A trusted confidant pointed out some things about last week, and about expectations in general. As I knew deep down, even while processing my aloneness, people of goodwill are often busier than heck, some just feel more comfortable being friends online and others may feel that they are always on the hook to host gatherings-and where is everyone else? I host things, now and then, and am much better at paying my share than I was say, in the 2000s.

This week is one of resilience. I found an article on the Firefox main page, that points out the interplay of happiness and pleasure with sorrow and hard times. There are plenty of occasions of each, in the life of anyone who lives fully. Frequently, the greatest joys come from having successfully faced sorrow or hardship.
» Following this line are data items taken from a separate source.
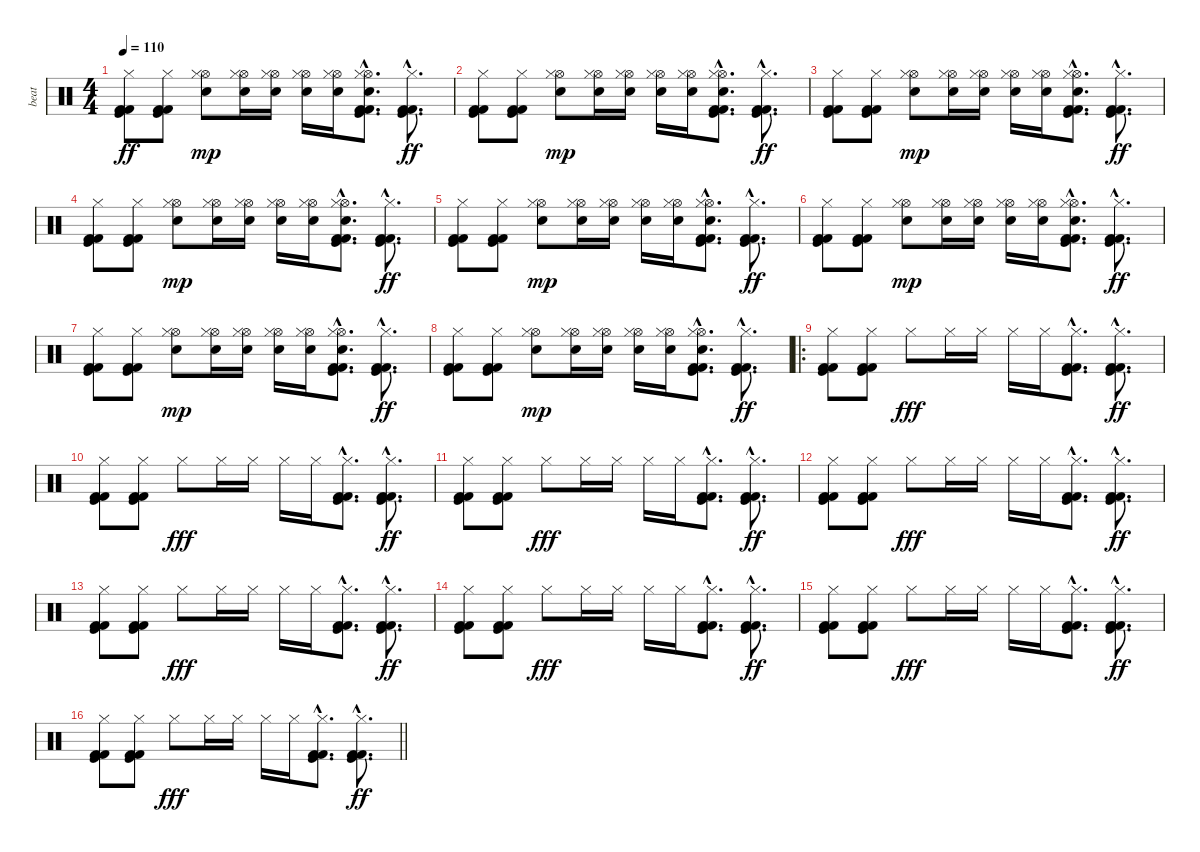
\track ("beat" "beat") {instrument percussion}
\staff {score}
\articulation defaults
\ts (4 4)
\tempo 110
\clef neutral
\ks c
("Kick (hit)" "Kick (hit) 2" "Kick (hit) 2" "Hi-Hat (closed)").8{dy ff} ("Kick (hit)" "Kick (hit) 2" "Kick (hit) 2" "Hi-Hat (closed)").8 ("Hi-Hat (open)" "Hi-Hat (closed)" "Snare (hit) 2").8{dy mp} ("Hi-Hat (open)" "Hi-Hat (closed)" "Snare (hit) 2").16 ("Hi-Hat (open)" "Hi-Hat (closed)" "Snare (hit) 2").16 ("Hi-Hat (open)" "Hi-Hat (closed)" "Snare (hit) 2").16 ("Hi-Hat (open)" "Hi-Hat (closed)" "Snare (hit) 2").16 ("Kick (hit)"{hac} "Kick (hit) 2"{hac} "Kick (hit) 2"{hac} "Hi-Hat (open)"{hac} "Hi-Hat (closed)"{hac} "Snare (hit) 2"{hac}).8{d} ("Kick (hit)"{hac} "Kick (hit) 2"{hac} "Kick (hit) 2"{hac} "Hi-Hat (closed)"{hac}).8{d dy ff} |
("Kick (hit)" "Kick (hit) 2" "Kick (hit) 2" "Hi-Hat (closed)").8 ("Kick (hit)" "Kick (hit) 2" "Kick (hit) 2" "Hi-Hat (closed)").8 ("Hi-Hat (open)" "Hi-Hat (closed)" "Snare (hit) 2").8{dy mp} ("Hi-Hat (open)" "Hi-Hat (closed)" "Snare (hit) 2").16 ("Hi-Hat (open)" "Hi-Hat (closed)" "Snare (hit) 2").16 ("Hi-Hat (open)" "Hi-Hat (closed)" "Snare (hit) 2").16 ("Hi-Hat (open)" "Hi-Hat (closed)" "Snare (hit) 2").16 ("Kick (hit)"{hac} "Kick (hit) 2"{hac} "Kick (hit) 2"{hac} "Hi-Hat (open)"{hac} "Hi-Hat (closed)"{hac} "Snare (hit) 2"{hac}).8{d} ("Kick (hit)"{hac} "Kick (hit) 2"{hac} "Kick (hit) 2"{hac} "Hi-Hat (closed)"{hac}).8{d dy ff} |
("Kick (hit)" "Kick (hit) 2" "Kick (hit) 2" "Hi-Hat (closed)").8 ("Kick (hit)" "Kick (hit) 2" "Kick (hit) 2" "Hi-Hat (closed)").8 ("Hi-Hat (open)" "Hi-Hat (closed)" "Snare (hit) 2").8{dy mp} ("Hi-Hat (open)" "Hi-Hat (closed)" "Snare (hit) 2").16 ("Hi-Hat (open)" "Hi-Hat (closed)" "Snare (hit) 2").16 ("Hi-Hat (open)" "Hi-Hat (closed)" "Snare (hit) 2").16 ("Hi-Hat (open)" "Hi-Hat (closed)" "Snare (hit) 2").16 ("Kick (hit)"{hac} "Kick (hit) 2"{hac} "Kick (hit) 2"{hac} "Hi-Hat (open)"{hac} "Hi-Hat (closed)"{hac} "Snare (hit) 2"{hac}).8{d} ("Kick (hit)"{hac} "Kick (hit) 2"{hac} "Kick (hit) 2"{hac} "Hi-Hat (closed)"{hac}).8{d dy ff} |
("Kick (hit)" "Kick (hit) 2" "Kick (hit) 2" "Hi-Hat (closed)").8 ("Kick (hit)" "Kick (hit) 2" "Kick (hit) 2" "Hi-Hat (closed)").8 ("Hi-Hat (open)" "Hi-Hat (closed)" "Snare (hit) 2").8{dy mp} ("Hi-Hat (open)" "Hi-Hat (closed)" "Snare (hit) 2").16 ("Hi-Hat (open)" "Hi-Hat (closed)" "Snare (hit) 2").16 ("Hi-Hat (open)" "Hi-Hat (closed)" "Snare (hit) 2").16 ("Hi-Hat (open)" "Hi-Hat (closed)" "Snare (hit) 2").16 ("Kick (hit)"{hac} "Kick (hit) 2"{hac} "Kick (hit) 2"{hac} "Hi-Hat (open)"{hac} "Hi-Hat (closed)"{hac} "Snare (hit) 2"{hac}).8{d} ("Kick (hit)"{hac} "Kick (hit) 2"{hac} "Kick (hit) 2"{hac} "Hi-Hat (closed)"{hac}).8{d dy ff} |
("Kick (hit)" "Kick (hit) 2" "Kick (hit) 2" "Hi-Hat (closed)").8 ("Kick (hit)" "Kick (hit) 2" "Kick (hit) 2" "Hi-Hat (closed)").8 ("Hi-Hat (open)" "Hi-Hat (closed)" "Snare (hit) 2").8{dy mp} ("Hi-Hat (open)" "Hi-Hat (closed)" "Snare (hit) 2").16 ("Hi-Hat (open)" "Hi-Hat (closed)" "Snare (hit) 2").16 ("Hi-Hat (open)" "Hi-Hat (closed)" "Snare (hit) 2").16 ("Hi-Hat (open)" "Hi-Hat (closed)" "Snare (hit) 2").16 ("Kick (hit)"{hac} "Kick (hit) 2"{hac} "Kick (hit) 2"{hac} "Hi-Hat (open)"{hac} "Hi-Hat (closed)"{hac} "Snare (hit) 2"{hac}).8{d} ("Kick (hit)"{hac} "Kick (hit) 2"{hac} "Kick (hit) 2"{hac} "Hi-Hat (closed)"{hac}).8{d dy ff} |
("Kick (hit)" "Kick (hit) 2" "Kick (hit) 2" "Hi-Hat (closed)").8 ("Kick (hit)" "Kick (hit) 2" "Kick (hit) 2" "Hi-Hat (closed)").8 ("Hi-Hat (open)" "Hi-Hat (closed)" "Snare (hit) 2").8{dy mp} ("Hi-Hat (open)" "Hi-Hat (closed)" "Snare (hit) 2").16 ("Hi-Hat (open)" "Hi-Hat (closed)" "Snare (hit) 2").16 ("Hi-Hat (open)" "Hi-Hat (closed)" "Snare (hit) 2").16 ("Hi-Hat (open)" "Hi-Hat (closed)" "Snare (hit) 2").16 ("Kick (hit)"{hac} "Kick (hit) 2"{hac} "Kick (hit) 2"{hac} "Hi-Hat (open)"{hac} "Hi-Hat (closed)"{hac} "Snare (hit) 2"{hac}).8{d} ("Kick (hit)"{hac} "Kick (hit) 2"{hac} "Kick (hit) 2"{hac} "Hi-Hat (closed)"{hac}).8{d dy ff} |
("Kick (hit)" "Kick (hit) 2" "Kick (hit) 2" "Hi-Hat (closed)").8 ("Kick (hit)" "Kick (hit) 2" "Kick (hit) 2" "Hi-Hat (closed)").8 ("Hi-Hat (open)" "Hi-Hat (closed)" "Snare (hit) 2").8{dy mp} ("Hi-Hat (open)" "Hi-Hat (closed)" "Snare (hit) 2").16 ("Hi-Hat (open)" "Hi-Hat (closed)" "Snare (hit) 2").16 ("Hi-Hat (open)" "Hi-Hat (closed)" "Snare (hit) 2").16 ("Hi-Hat (open)" "Hi-Hat (closed)" "Snare (hit) 2").16 ("Kick (hit)"{hac} "Kick (hit) 2"{hac} "Kick (hit) 2"{hac} "Hi-Hat (open)"{hac} "Hi-Hat (closed)"{hac} "Snare (hit) 2"{hac}).8{d} ("Kick (hit)"{hac} "Kick (hit) 2"{hac} "Kick (hit) 2"{hac} "Hi-Hat (closed)"{hac}).8{d dy ff} |
("Kick (hit)" "Kick (hit) 2" "Kick (hit) 2" "Hi-Hat (closed)").8 ("Kick (hit)" "Kick (hit) 2" "Kick (hit) 2" "Hi-Hat (closed)").8 ("Hi-Hat (open)" "Hi-Hat (closed)" "Snare (hit) 2").8{dy mp} ("Hi-Hat (open)" "Hi-Hat (closed)" "Snare (hit) 2").16 ("Hi-Hat (open)" "Hi-Hat (closed)" "Snare (hit) 2").16 ("Hi-Hat (open)" "Hi-Hat (closed)" "Snare (hit) 2").16 ("Hi-Hat (open)" "Hi-Hat (closed)" "Snare (hit) 2").16 ("Kick (hit)"{hac} "Kick (hit) 2"{hac} "Kick (hit) 2"{hac} "Hi-Hat (open)"{hac} "Hi-Hat (closed)"{hac} "Snare (hit) 2"{hac}).8{d} ("Kick (hit)"{hac} "Kick (hit) 2"{hac} "Kick (hit) 2"{hac} "Hi-Hat (closed)"{hac}).8{d dy ff} |
\ro
("Kick (hit)" "Kick (hit) 2" "Kick (hit) 2" "Hi-Hat (closed)").8 ("Kick (hit)" "Kick (hit) 2" "Kick (hit) 2" "Hi-Hat (closed)").8 "Hi-Hat (closed)".8{dy fff} "Hi-Hat (closed)".16 "Hi-Hat (closed)".16 "Hi-Hat (closed)".16 "Hi-Hat (closed)".16 ("Kick (hit)"{hac} "Kick (hit) 2"{hac} "Kick (hit) 2"{hac} "Hi-Hat (closed)"{hac}).8{d} ("Kick (hit)"{hac} "Kick (hit) 2"{hac} "Kick (hit) 2"{hac} "Hi-Hat (closed)"{hac}).8{d dy ff} |
("Kick (hit)" "Kick (hit) 2" "Kick (hit) 2" "Hi-Hat (closed)").8 ("Kick (hit)" "Kick (hit) 2" "Kick (hit) 2" "Hi-Hat (closed)").8 "Hi-Hat (closed)".8{dy fff} "Hi-Hat (closed)".16 "Hi-Hat (closed)".16 "Hi-Hat (closed)".16 "Hi-Hat (closed)".16 ("Kick (hit)"{hac} "Kick (hit) 2"{hac} "Kick (hit) 2"{hac} "Hi-Hat (closed)"{hac}).8{d} ("Kick (hit)"{hac} "Kick (hit) 2"{hac} "Kick (hit) 2"{hac} "Hi-Hat (closed)"{hac}).8{d dy ff} |
("Kick (hit)" "Kick (hit) 2" "Kick (hit) 2" "Hi-Hat (closed)").8 ("Kick (hit)" "Kick (hit) 2" "Kick (hit) 2" "Hi-Hat (closed)").8 "Hi-Hat (closed)".8{dy fff} "Hi-Hat (closed)".16 "Hi-Hat (closed)".16 "Hi-Hat (closed)".16 "Hi-Hat (closed)".16 ("Kick (hit)"{hac} "Kick (hit) 2"{hac} "Kick (hit) 2"{hac} "Hi-Hat (closed)"{hac}).8{d} ("Kick (hit)"{hac} "Kick (hit) 2"{hac} "Kick (hit) 2"{hac} "Hi-Hat (closed)"{hac}).8{d dy ff} |
("Kick (hit)" "Kick (hit) 2" "Kick (hit) 2" "Hi-Hat (closed)").8 ("Kick (hit)" "Kick (hit) 2" "Kick (hit) 2" "Hi-Hat (closed)").8 "Hi-Hat (closed)".8{dy fff} "Hi-Hat (closed)".16 "Hi-Hat (closed)".16 "Hi-Hat (closed)".16 "Hi-Hat (closed)".16 ("Kick (hit)"{hac} "Kick (hit) 2"{hac} "Kick (hit) 2"{hac} "Hi-Hat (closed)"{hac}).8{d} ("Kick (hit)"{hac} "Kick (hit) 2"{hac} "Kick (hit) 2"{hac} "Hi-Hat (closed)"{hac}).8{d dy ff} |
("Kick (hit)" "Kick (hit) 2" "Kick (hit) 2" "Hi-Hat (closed)").8 ("Kick (hit)" "Kick (hit) 2" "Kick (hit) 2" "Hi-Hat (closed)").8 "Hi-Hat (closed)".8{dy fff} "Hi-Hat (closed)".16 "Hi-Hat (closed)".16 "Hi-Hat (closed)".16 "Hi-Hat (closed)".16 ("Kick (hit)"{hac} "Kick (hit) 2"{hac} "Kick (hit) 2"{hac} "Hi-Hat (closed)"{hac}).8{d} ("Kick (hit)"{hac} "Kick (hit) 2"{hac} "Kick (hit) 2"{hac} "Hi-Hat (closed)"{hac}).8{d dy ff} |
("Kick (hit)" "Kick (hit) 2" "Kick (hit) 2" "Hi-Hat (closed)").8 ("Kick (hit)" "Kick (hit) 2" "Kick (hit) 2" "Hi-Hat (closed)").8 "Hi-Hat (closed)".8{dy fff} "Hi-Hat (closed)".16 "Hi-Hat (closed)".16 "Hi-Hat (closed)".16 "Hi-Hat (closed)".16 ("Kick (hit)"{hac} "Kick (hit) 2"{hac} "Kick (hit) 2"{hac} "Hi-Hat (closed)"{hac}).8{d} ("Kick (hit)"{hac} "Kick (hit) 2"{hac} "Kick (hit) 2"{hac} "Hi-Hat (closed)"{hac}).8{d dy ff} |
("Kick (hit)" "Kick (hit) 2" "Kick (hit) 2" "Hi-Hat (closed)").8 ("Kick (hit)" "Kick (hit) 2" "Kick (hit) 2" "Hi-Hat (closed)").8 "Hi-Hat (closed)".8{dy fff} "Hi-Hat (closed)".16 "Hi-Hat (closed)".16 "Hi-Hat (closed)".16 "Hi-Hat (closed)".16 ("Kick (hit)"{hac} "Kick (hit) 2"{hac} "Kick (hit) 2"{hac} "Hi-Hat (closed)"{hac}).8{d} ("Kick (hit)"{hac} "Kick (hit) 2"{hac} "Kick (hit) 2"{hac} "Hi-Hat (closed)"{hac}).8{d dy ff} |
\barLineRight lightlight
("Kick (hit)" "Kick (hit) 2" "Kick (hit) 2" "Hi-Hat (closed)").8 ("Kick (hit)" "Kick (hit) 2" "Kick (hit) 2" "Hi-Hat (closed)").8 "Hi-Hat (closed)".8{dy fff} "Hi-Hat (closed)".16 "Hi-Hat (closed)".16 "Hi-Hat (closed)".16 "Hi-Hat (closed)".16 ("Kick (hit)"{hac} "Kick (hit) 2"{hac} "Kick (hit) 2"{hac} "Hi-Hat (closed)"{hac}).8{d} ("Kick (hit)"{hac} "Kick (hit) 2"{hac} "Kick (hit) 2"{hac} "Hi-Hat (closed)"{hac}).8{d dy ff}

I won’t say that the trials of the 1970s (largely self-induced) resulted directly in the better times of the 1980s and ’90s, but they at least showed me what not to do and how not to interact with people. I can say that the frequent misery of the 2000s contributed somewhat to my strengths and joys of the past twelve years. Life has been far from perfect, since 2012, and 2013 did see me relapse into a strange pattern of behaviour, but I got over all that. The blue periods are shorter, and of less intensity. It helps to recognize, and pray for, those who have it far worse- and actually reach out and help them when I can.

It is almost time to look back on the year (tomorrow’s post) and project ahead (Sunday). Suffice it to say, I look in each direction with a sense of reality and gratitude. I could not have guessed, in 2003 or even ten years ago, that the bounty in my life would be what it is now. That is testimony to the value of resilience.